(Data records)
───

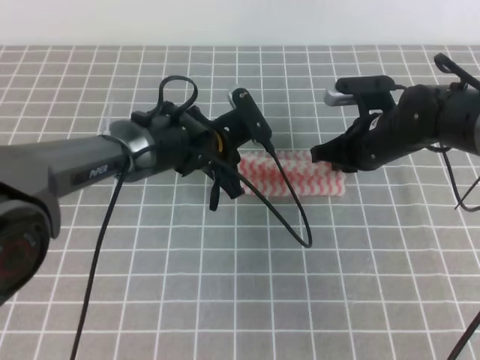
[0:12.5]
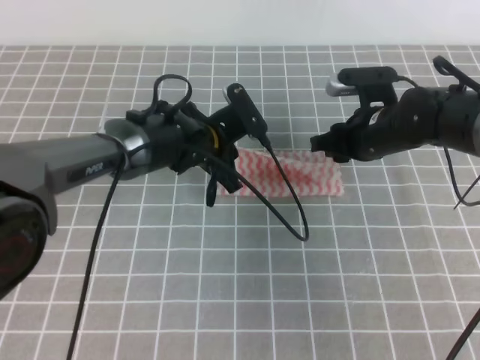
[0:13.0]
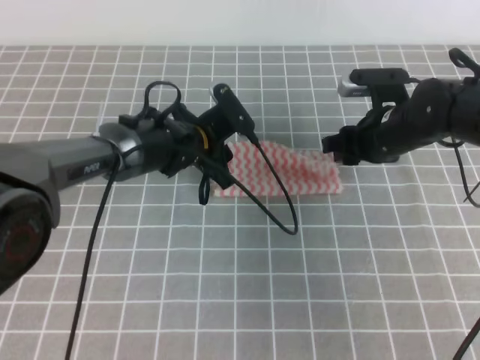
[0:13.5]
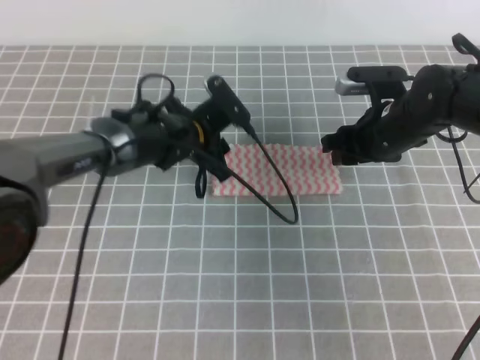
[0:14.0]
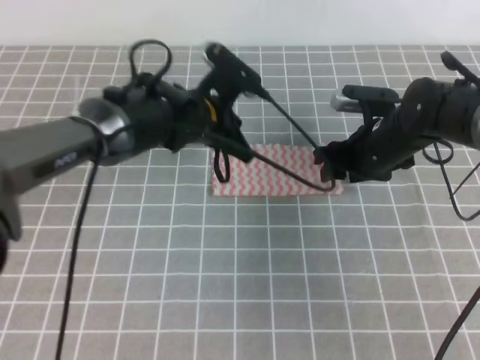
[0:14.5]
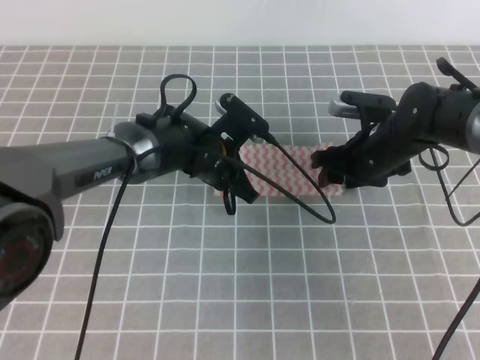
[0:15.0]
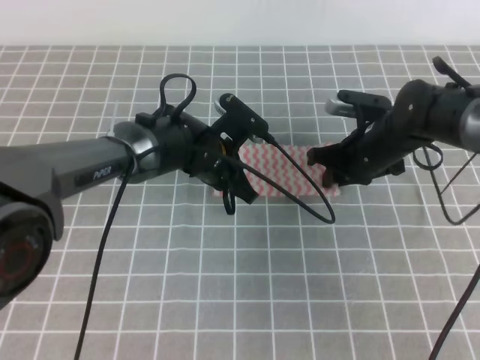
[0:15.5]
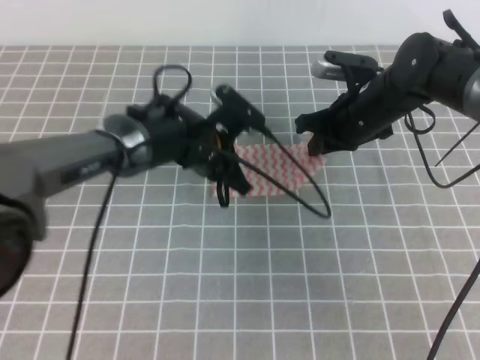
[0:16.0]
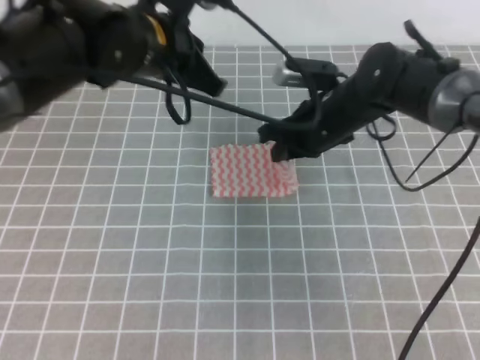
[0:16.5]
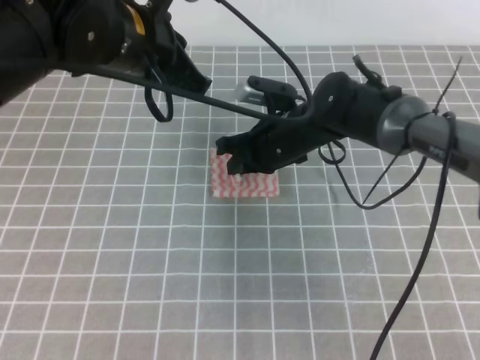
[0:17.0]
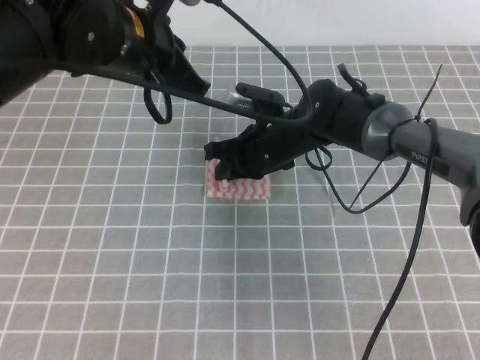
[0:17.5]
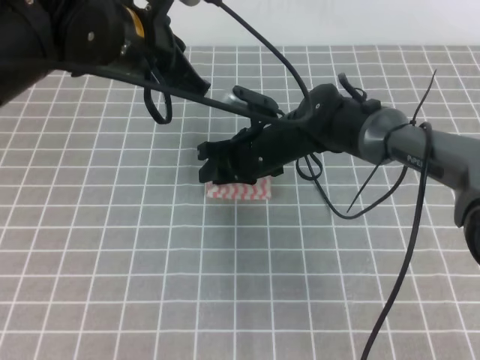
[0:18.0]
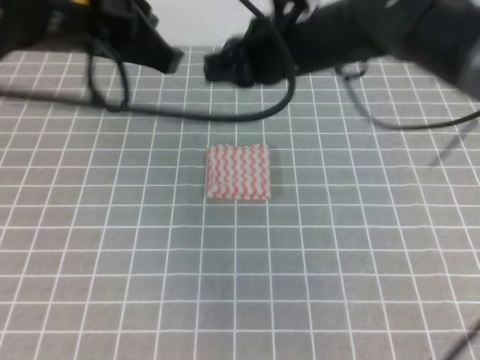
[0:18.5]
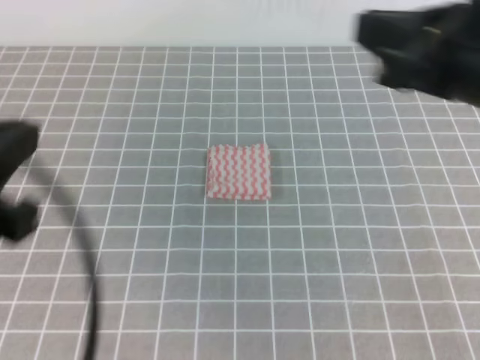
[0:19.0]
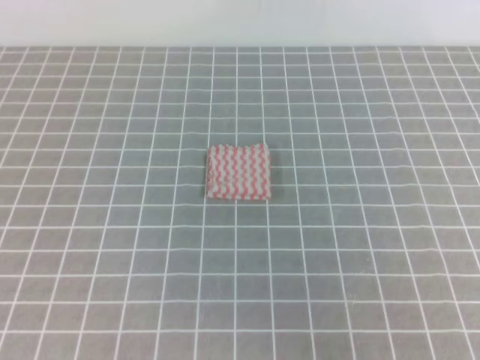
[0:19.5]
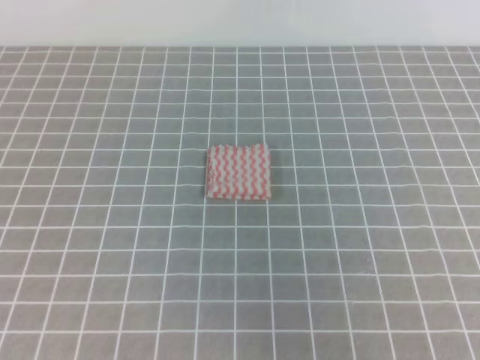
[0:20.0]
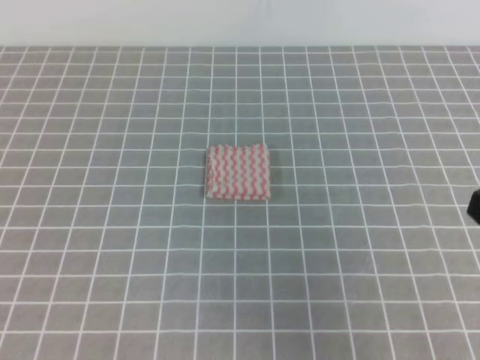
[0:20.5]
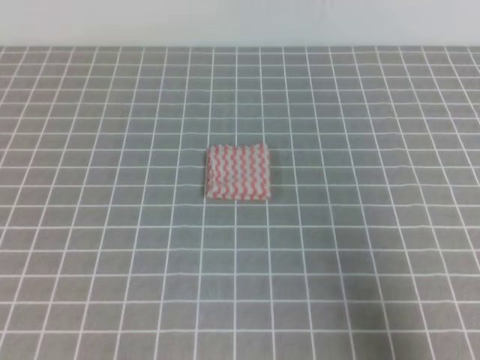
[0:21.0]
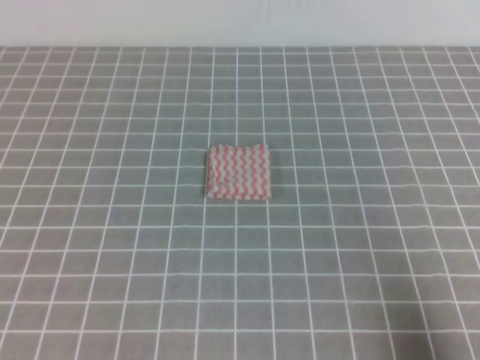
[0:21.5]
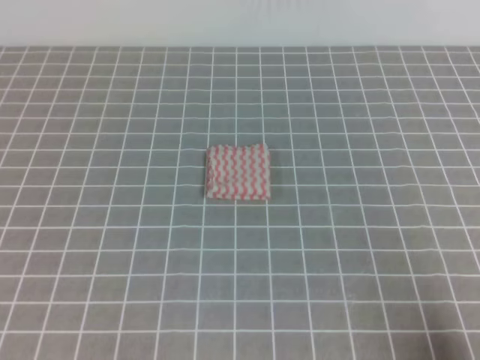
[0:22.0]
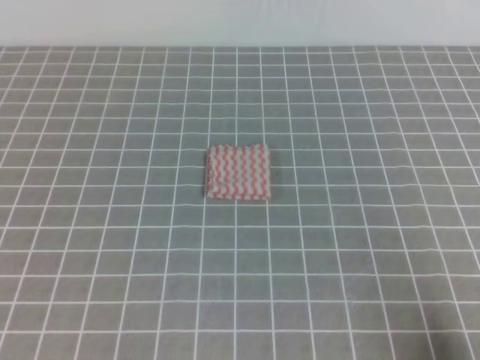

───

Although the records above include pictures, the copy must contain only their exact text.

## Reply
[0:12.5]
[0:13.0]
[0:13.5]
[0:14.0]
[0:14.5]
[0:15.0]
[0:15.5]
[0:16.0]
[0:16.5]
[0:17.0]
[0:17.5]
[0:18.0]
[0:18.5]
[0:19.0]
[0:19.5]
[0:20.0]
[0:20.5]
[0:21.0]
[0:21.5]
[0:22.0]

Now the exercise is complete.